This is a sequel question to Hyperbolic Right-Angled Hexagon
Let $ABCDEF$ be an arbitrary hyperbolic convex right-angled hexagon, let $BE, AD, FC$ be geodesic segments connecting $B$ and $E, A$ and $D, F$ and $C$.
We know that a hyperbolic right-angled hexagon is defined uniquely (up to isometry) by the lengths $l_1, l_2, l_3$ of 3 edges $AB, CD, EF$ respectively.
My question is under which conditions of $l_1, l_2, l_3$, the union of 3 quadrilaterals $ADEF, ABCF$ and $BCDE$ can cover the hexagon? and what is the difference between the hyperbolic area of the union and the hyperbolic area of the hexagon?

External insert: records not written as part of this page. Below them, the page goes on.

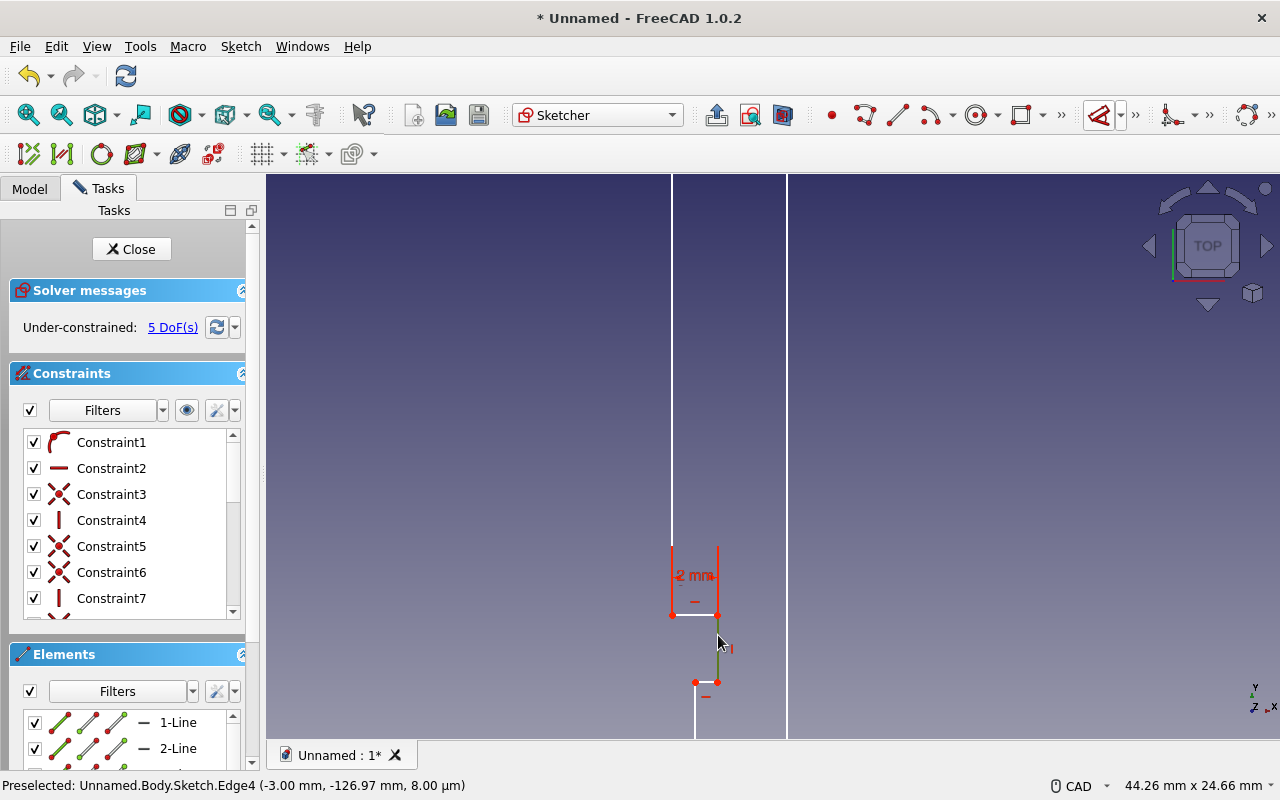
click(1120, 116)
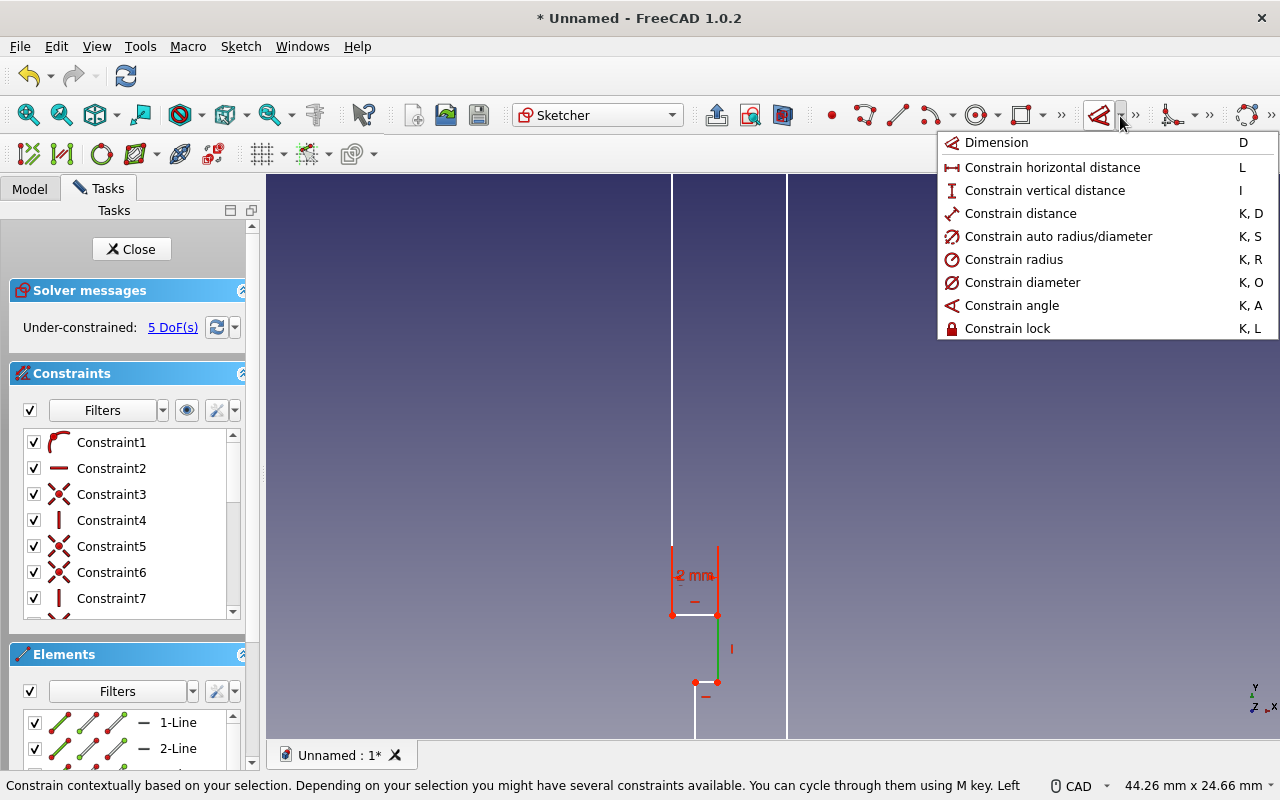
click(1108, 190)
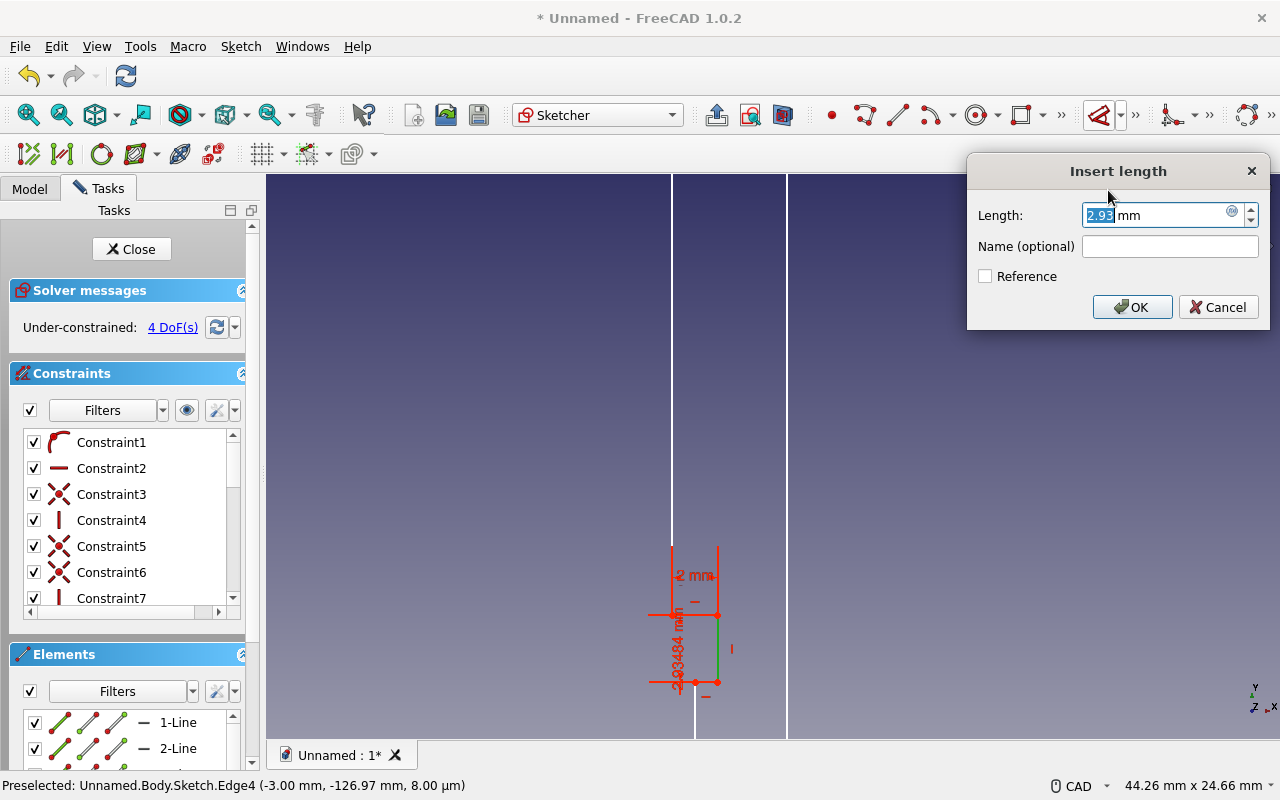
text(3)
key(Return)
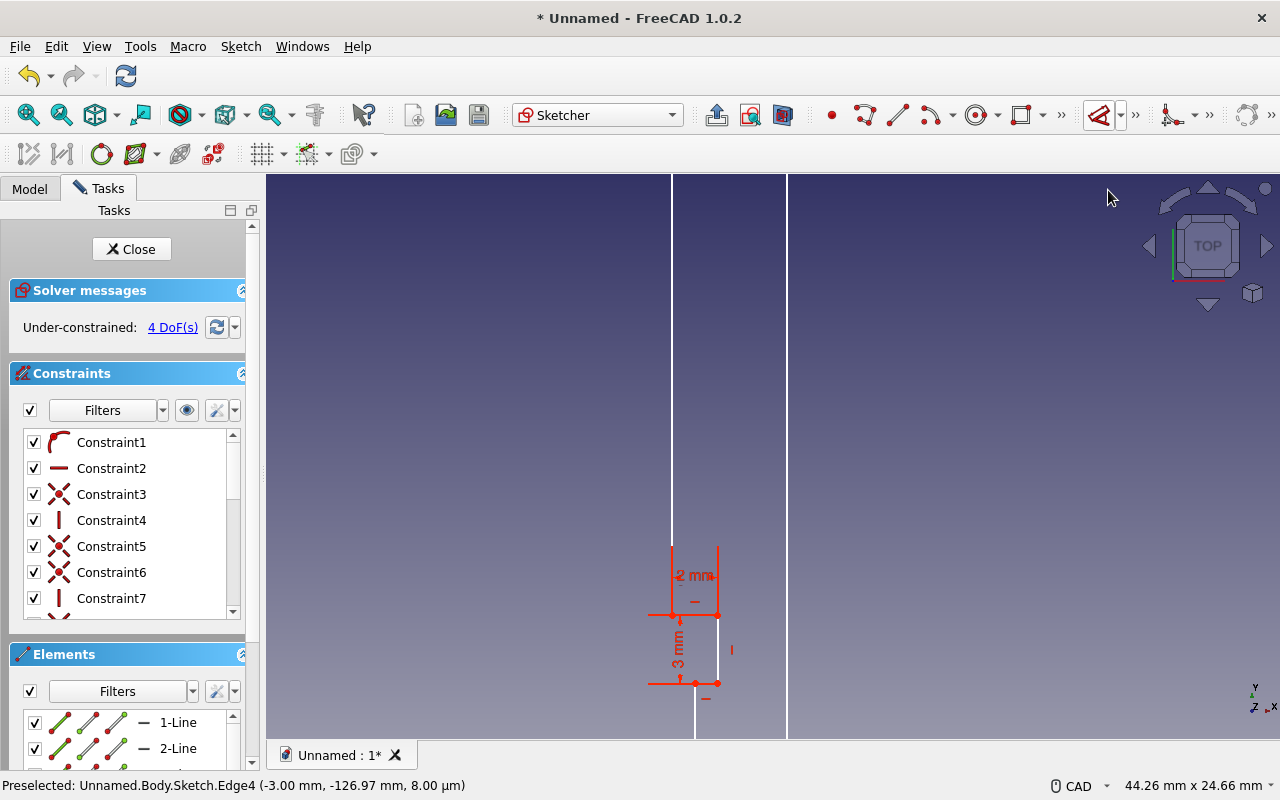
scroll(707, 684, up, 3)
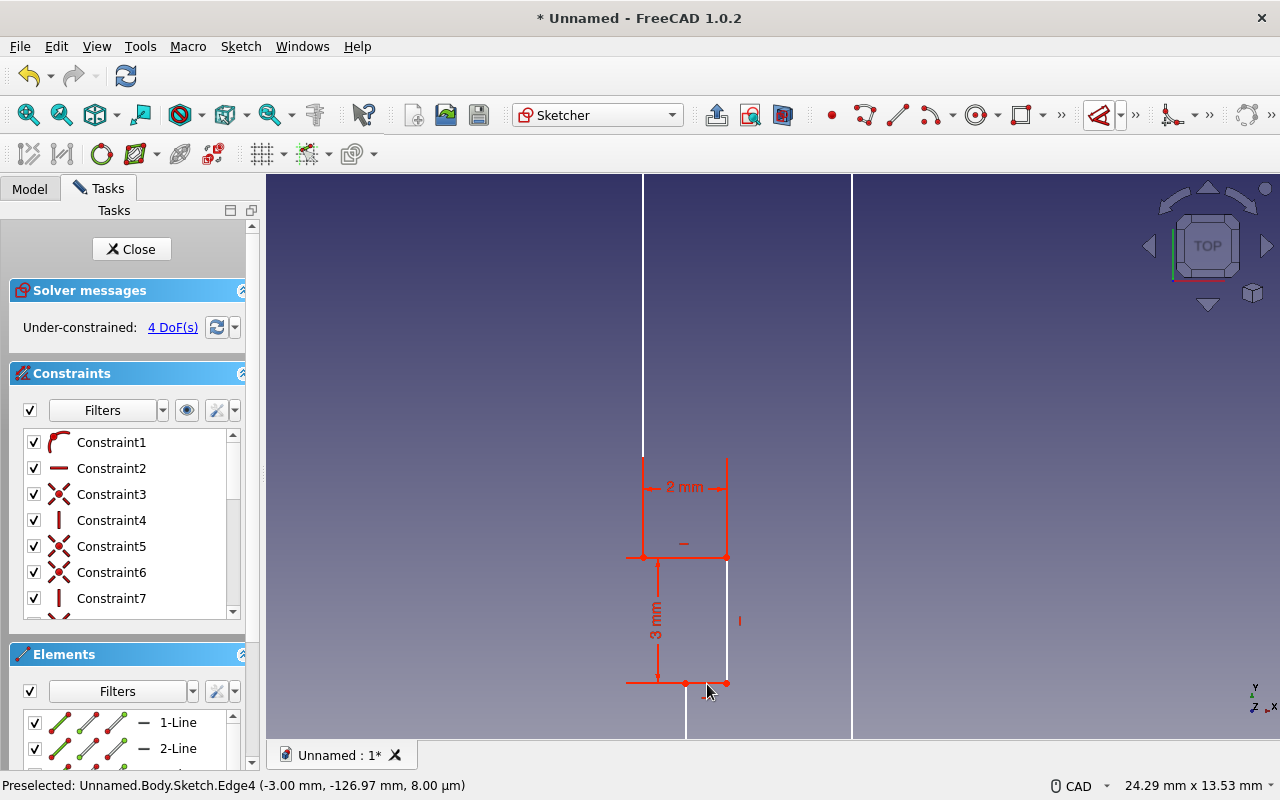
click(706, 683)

ADD: I have an idea that the condition is equivalent to the following: $ADEF+ABCF+BCDE-CDEF-ABCD-ABEF>0$, and then by using Gauss-Bonnet theorem, it is equivalent to $A_1+D_2+C_1+F_2+B_2+E1-C_2-F_1-D_1-A_2-B_1-E_2<0$. Here I think we need to use hyperbolic trigonometry to find the relation between angles and edges of bi-rectangle, but I don't know any fomula in bi-rectangle. I hope someone have the idea.